Today a friend gave me a 13# chinook salmon. It was kinda spawned out, but i figure it would be a good fish to start with on the smoker. 

So i brought it home, cut it into fillets, made a brine out of water, salt, brown sugar, and soy sauce. 

My questions are:

1. how long to brine?

2. how long to hot smoke it?

3. what temps should i hot smoke it at?  

Now for the pictures. 

Here is the whole fish.








Cut into fillets 







And into the brine







Thanks guys.


----------



## im1986 (Nov 29, 2011)

Well i cooked up a small slice of this salmon, and the meat on it is terrable. I have decided not use it for smoking. I think the fish was just too spawned out.

I am going to pick up some salmon from safeway tomorrow.


----------



## SmokinAl (Nov 30, 2011)

I do all my salmon fishing at Sam's!


----------



## africanmeat (Nov 30, 2011)

sorry it is a nice fish ,what did you put in the brine?


----------



## tjohnson (Nov 30, 2011)

Do they just get nasty after they spawn?

I suppose they are near death, and this may be why the meat is bad

TJ


----------



## frosty (Nov 30, 2011)

Al, you crack me up.  
	

	
	
		
		



		
		
	


	





   I think I heard somewhere that obtaining Salmon after the spawn is not a good thing due to several different changes, AND the death thing CAN't be good.  Let the bears have them.


----------



## im1986 (Nov 30, 2011)

Yes, they get real nasty after spawn.
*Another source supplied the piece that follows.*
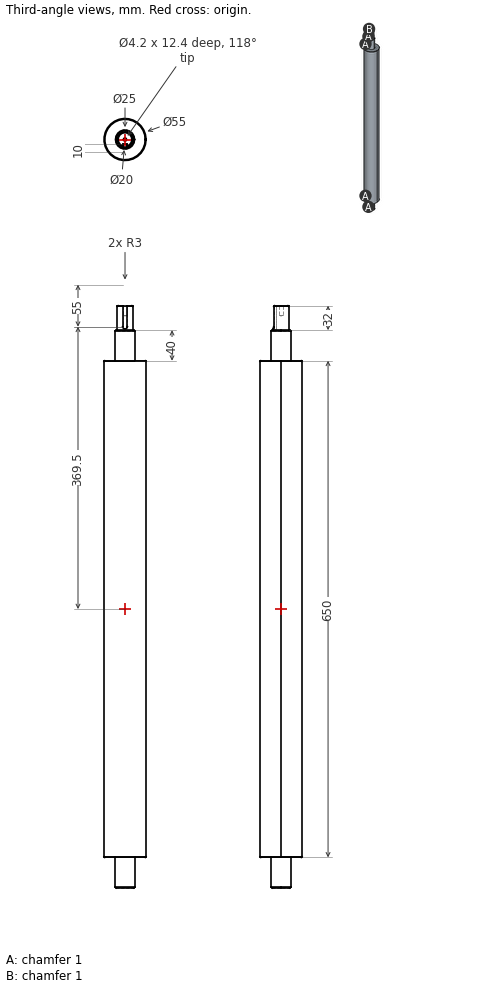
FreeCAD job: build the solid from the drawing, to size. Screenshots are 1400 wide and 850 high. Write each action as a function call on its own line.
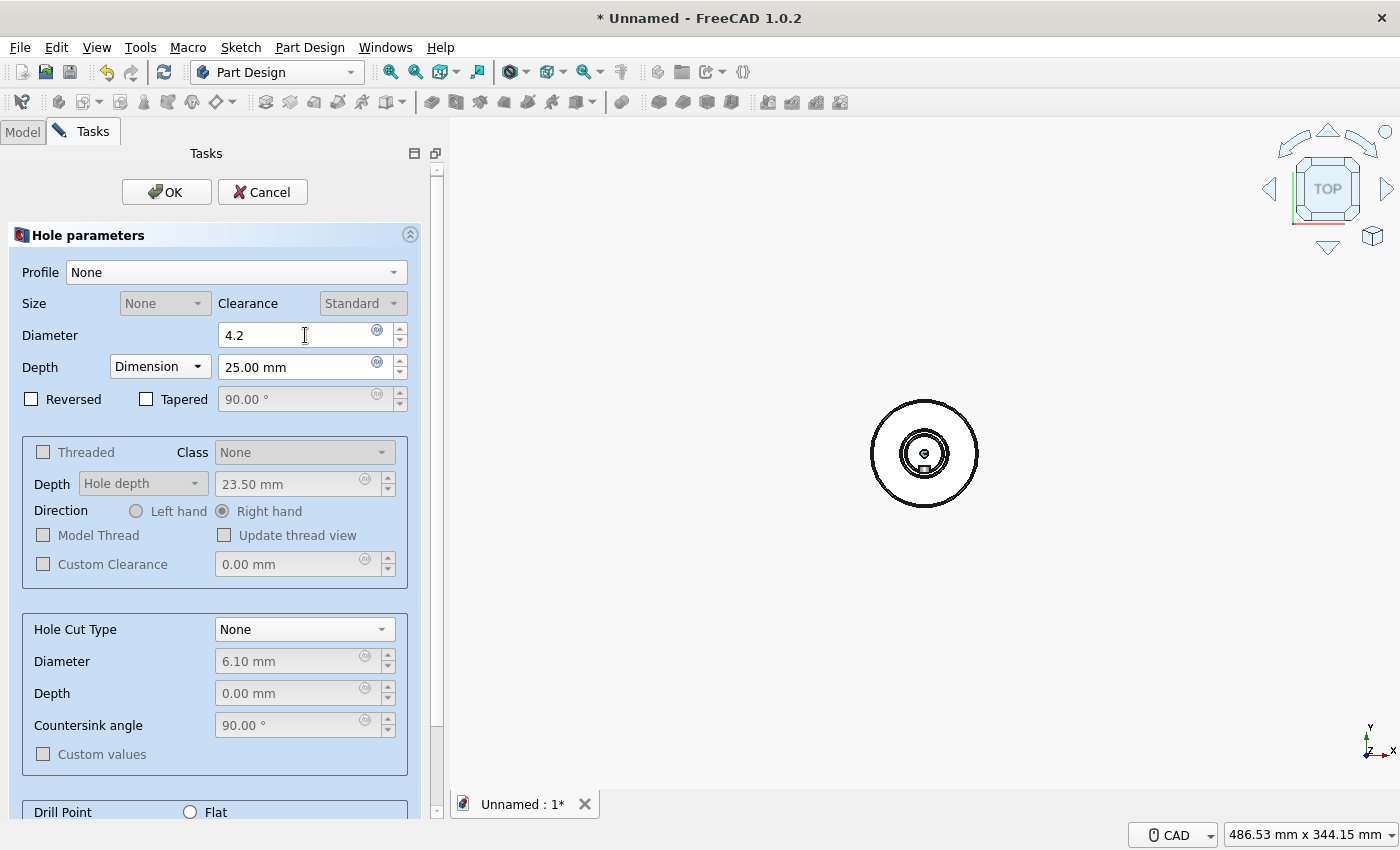
triple_click(305, 367)

I knew this one was real borderline. The meat turns sour and is totally un-eatable.


----------



## im1986 (Nov 30, 2011)

SmokinAl said:


> I do all my salmon fishing at Sam's!  :cool:



We don't have a same club up here, Walmart is the closest thing to same, however our safeway is the best for meats.


----------



## steamaway (Dec 1, 2011)

Would have been more fun catching him then smoking him!


----------



## im1986 (Dec 1, 2011)

steamaway said:


> Would have been more fun catching him then smoking him!




Yes it would of....


----------



## im1986 (Dec 1, 2011)

Well, here we go. Smoked Salmon Take 2. 

I bought 2 nice salmon fillets at safeway, cut them in half, and they have been in the brine for 24 hours. I got the smoker all ready, and I am going to attempt a cold smoke. 
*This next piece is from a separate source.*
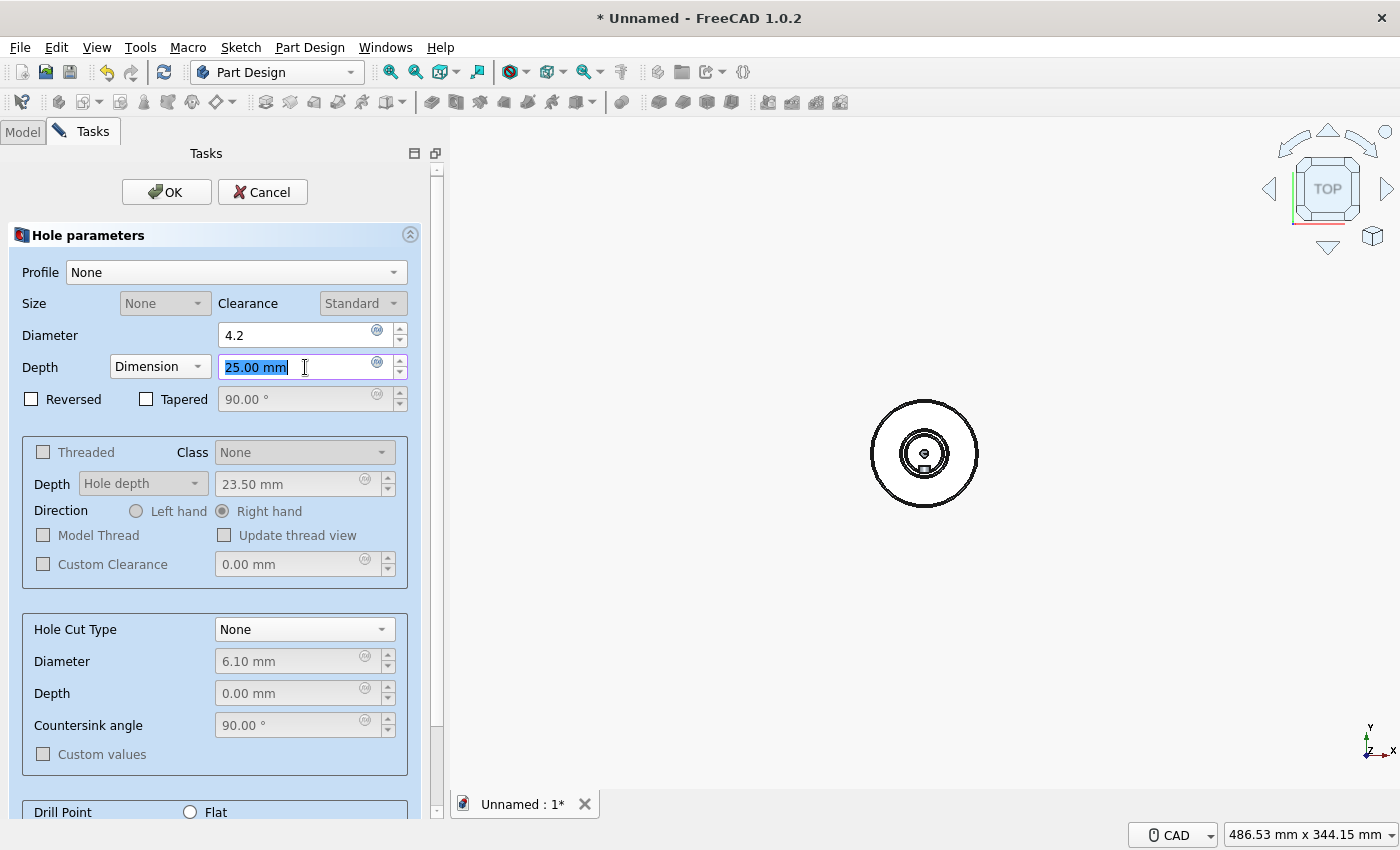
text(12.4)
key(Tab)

How long should i cold smoke them? 

Here is the qview. 

Ready for the brine







Ready for the smoker







In the smoker


----------



## im1986 (Dec 1, 2011)

Well here is the finished salmon, 

I hot smoked it for about 2 hours at 170, then turned the heat up to 200 for the final 10 min. Tastes great, a little on the salty side. I think 24 hours in the brine is too long for my taste, next time i'm going to try 12 hours and cold smoking it.


----------



## rbranstner (Dec 2, 2011)

im1986 said:


> Well here is the finished salmon,
> 
> I hot smoked it for about 2 hours at 170, then turned the heat up to 200 for the final 10 min. Tastes great, a little on the salty side. I think 24 hours in the brine is too long for my taste, next time i'm going to try 12 hours and cold smoking it.
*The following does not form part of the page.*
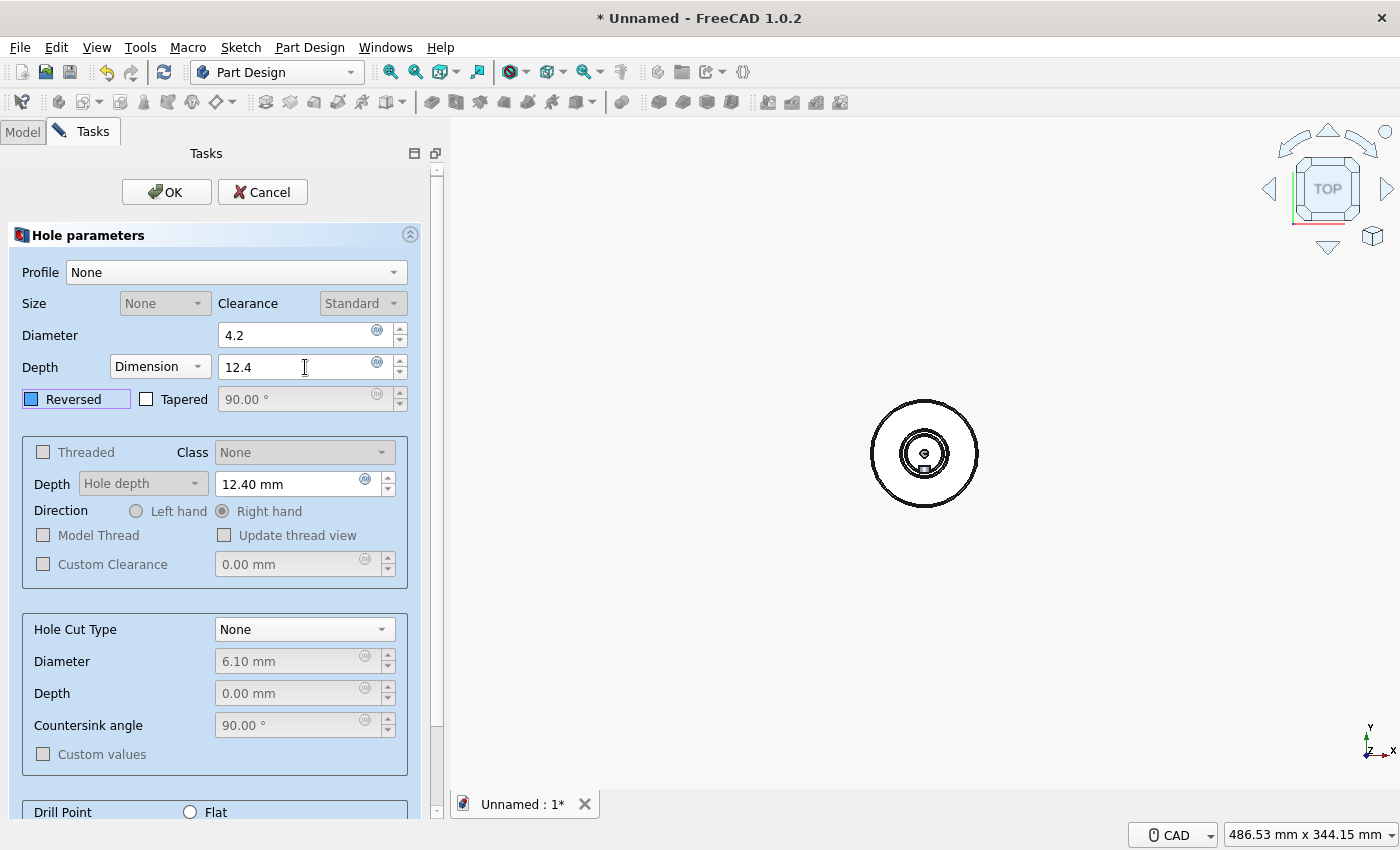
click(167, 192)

The salmon looks good from here. I am the same was as Al I do all of my salmon fishing at Sam's Club 
	

	
	
		
		



		
		
	


	





. If the salmon was to salty you might want to try cutting back on the amount of salt in your brine especially since I see you have soy sauce in there as well. If you want a good brine to try or at least to look at some of the volumes of ingredients just do a quick search and you will find quite a few. Bearcarvers salmon brine is suppose to be really good if you want to search for that.


----------



## SmokinAl (Dec 2, 2011)

We don't use a brine, just EVOO & cajun seasoning.


----------



## steamaway (Dec 2, 2011)

I'm giving it my first crack at Salmon tomorrow. Think i'm going brineless.


----------



## owlcreeksmoker4 (Dec 2, 2011)

I'm with Al on this one as I never use brine on my fish, too delicate a meat in my opinion. just a good rub always does the job for me


----------



## im1986 (Dec 2, 2011)

yes I think that I am going to go brineless as well next time. 

I found a recipe that calls for a 1 hour marinade soak, seems pretty yummy. I'm going to give that a shot next time.


----------